Lunedì 10 ottobre Sada ha vissuto una giornata di emozioni contrastanti. Vari amici lo hanno chiamato, congratulandosi con lui per l’assegnazione del Premio Nacional de Ciencias y Artes, benché non gli fosse stato ancora notificato ufficialmente. L’euforia, che poi si sarebbe rivelata ingiustificata, era scaturita da un trafiletto del quotidiano «La Jornada», in cui si leggeva che “lo scrittore José Agustín, e molto probabilmente il romanziere Daniel Sada, avrebbero ricevuto il Premio Nacional de Ciencias y Artes 2011, nella sessione di Linguistica e Letteratura”. La nota assicurava che la Secretaría de Educación Pública avrebbe confermato la notizia quel lunedì, cosa che poi non è accaduta. Sada era stato proposto per l’assegnazione dell’onorificenza, del valore di centomila pesos, dagli istituti di cultura di vari stati del nord come Baja California e Chihuahua, dall’Universidad Autónoma di Nuevo León e dal Tecnológico di Monterrey. Pur consapevole che l’esito dei premi è sempre incerto, spera che questa volta “il diavolo ci metta lo zampino e si ottenga qualcosa”.[1]

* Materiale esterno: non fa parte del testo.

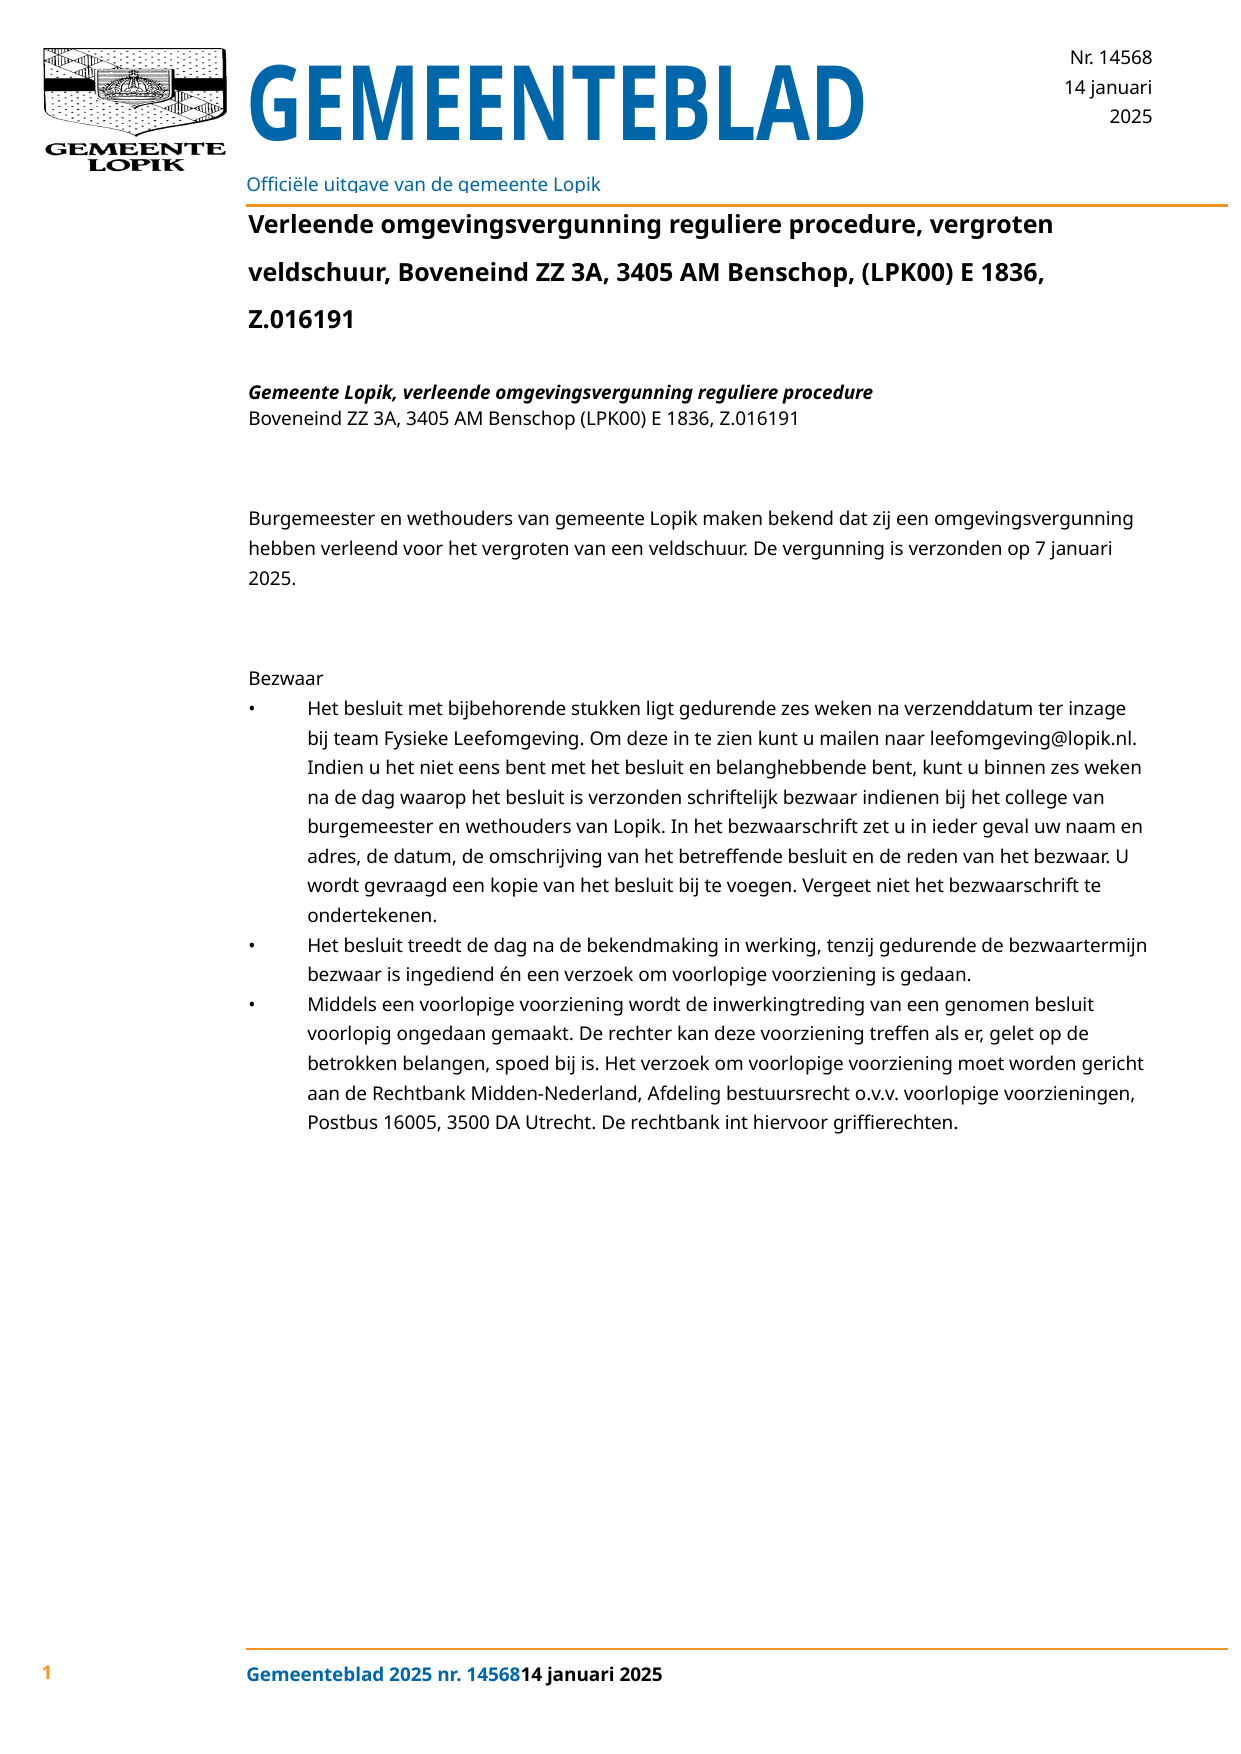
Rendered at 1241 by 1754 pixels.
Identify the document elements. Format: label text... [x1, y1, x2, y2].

text Boveneind ZZ 3A, 3405 AM Benschop (LPK00) E 1836, Z.016191 [248, 405, 1152, 431]
text Bezwaar [248, 666, 1152, 691]
list Het besluit treedt de dag na de bekendmaking in werking, tenzij gedurende de bezwaartermijn bezwaar is ingediend én een verzoek om voorlopige voorziening is gedaan. [248, 932, 1152, 987]
text Verleende omgevingsvergunning reguliere procedure, vergroten veldschuur, Boveneind ZZ 3A, 3405 AM Benschop, (LPK00) E 1836, Z.016191 [248, 207, 1152, 336]
picture [41, 47, 231, 172]
text Burgemeester en wethouders van gemeente Lopik maken bekend dat zij een omgevingsvergunning hebben verleend voor het vergroten van een veldschuur. De vergunning is verzonden op 7 januari 2025. [248, 506, 1152, 591]
list Middels een voorlopige voorziening wordt de inwerkingtreding van een genomen besluit voorlopig ongedaan gemaakt. De rechter kan deze voorziening treffen als er, gelet op de betrokken belangen, spoed bij is. Het verzoek om voorlopige voorziening moet worden gericht aan de Rechtbank Midden-Nederland, Afdeling bestuursrecht o.v.v. voorlopige voorzieningen, Postbus 16005, 3500 DA Utrecht. De rechtbank int hiervoor griffierechten. [248, 991, 1152, 1135]
list Het besluit met bijbehorende stukken ligt gedurende zes weken na verzenddatum ter inzage bij team Fysieke Leefomgeving. Om deze in te zien kunt u mailen naar leefomgeving@lopik.nl. Indien u het niet eens bent met het besluit en belanghebbende bent, kunt u binnen zes weken na de dag waarop het besluit is verzonden schriftelijk bezwaar indienen bij het college van burgemeester en wethouders van Lopik. In het bezwaarschrift zet u in ieder geval uw naam en adres, de datum, de omschrijving van het betreffende besluit en de reden van het bezwaar. U wordt gevraagd een kopie van het besluit bij te voegen. Vergeet niet het bezwaarschrift te ondertekenen. [248, 695, 1152, 928]
text Gemeente Lopik, verleende omgevingsvergunning reguliere procedure [248, 379, 1152, 405]
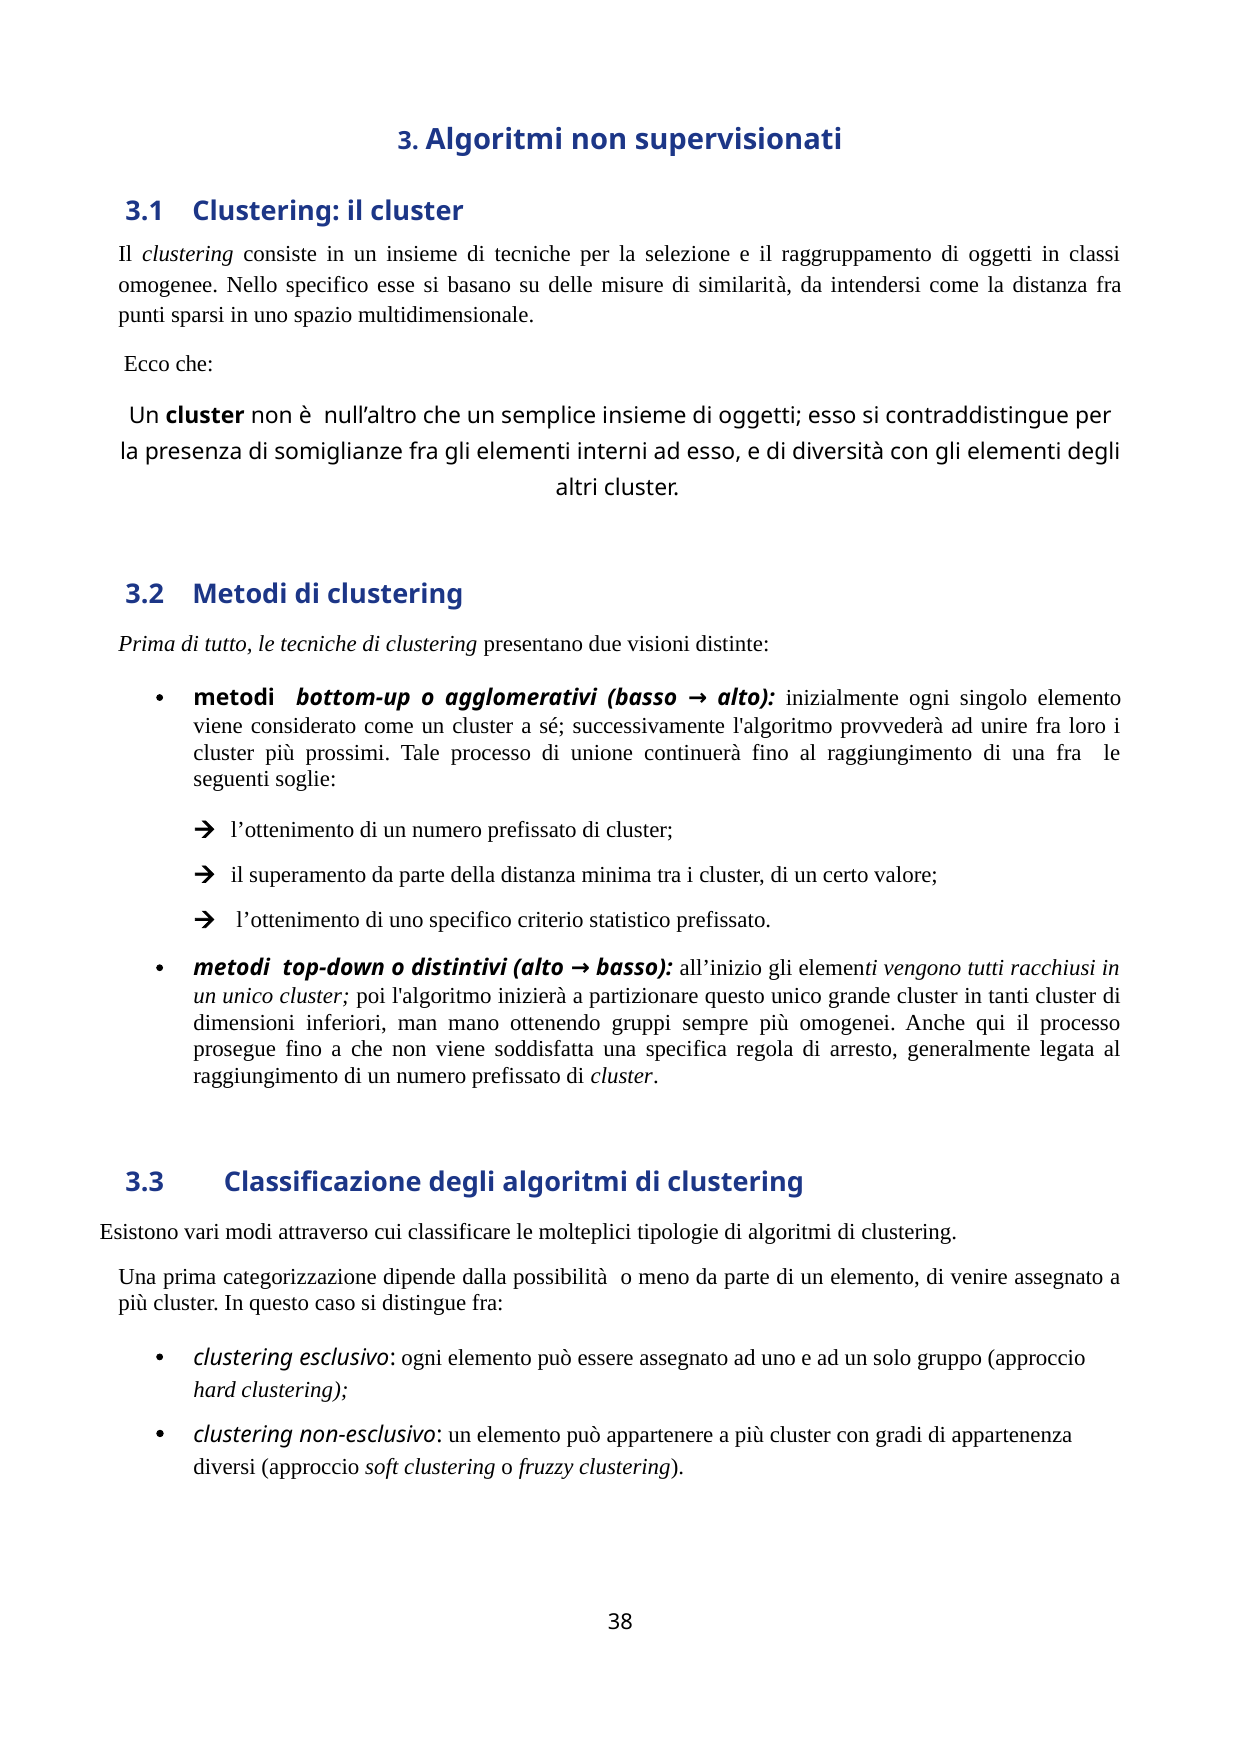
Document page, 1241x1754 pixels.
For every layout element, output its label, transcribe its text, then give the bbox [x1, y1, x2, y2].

text Esistono vari modi attraverso cui classificare le molteplici tipologie di algoritmi di clustering. [99, 1218, 1122, 1244]
subtitle Metodi di clustering [118, 574, 1122, 611]
list clustering esclusivo: ogni elemento può essere assegnato ad uno e ad un solo gruppo (approccio hard clustering); [156, 1341, 1122, 1402]
list metodi bottom-up o agglomerativi (basso → alto): inizialmente ogni singolo elemento viene considerato come un cluster a sé; successivamente l'algoritmo provvederà ad unire fra loro i cluster più prossimi. Tale processo di unione continuerà fino al raggiungimento di una fra le seguenti soglie: [156, 681, 1122, 791]
text Una prima categorizzazione dipende dalla possibilità o meno da parte di un elemento, di venire assegnato a più cluster. In questo caso si distingue fra: [118, 1263, 1122, 1316]
subtitle Classificazione degli algoritmi di clustering [118, 1162, 1122, 1199]
text Un cluster non è null’altro che un semplice insieme di oggetti; esso si contraddistingue per la presenza di somiglianze fra gli elementi interni ad esso, e di diversità con gli elementi degli altri cluster. [118, 399, 1122, 502]
list l’ottenimento di un numero prefissato di cluster; [193, 816, 1122, 842]
text Ecco che: [118, 350, 1122, 376]
list l’ottenimento di uno specifico criterio statistico prefissato. [193, 906, 1122, 933]
subtitle Algoritmi non supervisionati [118, 118, 1122, 158]
text Prima di tutto, le tecniche di clustering presentano due visioni distinte: [118, 630, 1122, 656]
list il superamento da parte della distanza minima tra i cluster, di un certo valore; [193, 861, 1122, 887]
subtitle Clustering: il cluster [118, 191, 1122, 228]
list clustering non-esclusivo: un elemento può appartenere a più cluster con gradi di appartenenza diversi (approccio soft clustering o fruzzy clustering). [156, 1418, 1122, 1479]
text Il clustering consiste in un insieme di tecniche per la selezione e il raggruppamento di oggetti in classi omogenee. Nello specifico esse si basano su delle misure di similarità, da intendersi come la distanza fra punti sparsi in uno spazio multidimensionale. [118, 241, 1122, 327]
list metodi top-down o distintivi (alto → basso): all’inizio gli elementi vengono tutti racchiusi in un unico cluster; poi l'algoritmo inizierà a partizionare questo unico grande cluster in tanti cluster di dimensioni inferiori, man mano ottenendo gruppi sempre più omogenei. Anche qui il processo prosegue fino a che non viene soddisfatta una specifica regola di arresto, generalmente legata al raggiungimento di un numero prefissato di cluster. [156, 951, 1122, 1088]

Un’autentica soddisfazione l’ha avuta però agli inizi di ottobre, quando ha ricevuto le bozze finali della traduzione in inglese di Casi nunca, romanzo che con il titolo Almost Never uscirà in libreria il prossimo aprile, per la casa editrice Graywolf.

E ora aspetta di veder pubblicato l’altro romanzo, El lenguaje del juego, che ha terminato di scrivere quando la malattia dava i primi segnali. Dice di essere nelle mani di Herralde, il suo editore, ma poiché è superstizioso, anticipa soltanto che la storia è ambientata a San Gregorio, un paese come ce ne sono molti nel nord del Messico, dove la vita di una famiglia si vede sconvolta dalla presenza del narcotraffico. Ed è l’ultima cosa che dice, visto che ha già parlato per un’ora e la respirazione gli si è andata facendo sempre più affannosa, facendolo passare dalle frasi ai monosillabi. Nel salutare, tende una mano pallida, bianca come la cera. Carmen, l’infermiera, lo aiuta ad alzarsi dalla poltrona. Cammina molto lentamente verso la stanza che era il suo studio, dove in questi giorni è stato installato un letto e un apparecchio per la dialisi. Ma lì in un angolo c’è ancora la sua piccola scrivania, di legno grezzo, che ora è spoglia.


[1] Daniel Sada è morto il 18 novembre 2011, per un’insufficienza renale causata dal diabete. Poche ore prima è stato reso pubblico il conferimento allo scrittore del Premio Nacional de Ciencias y Artes 2011, ma Sada non ha potuto apprendere la notizia perché si trovava sedato al momento dell’annuncio. [N.d.T.]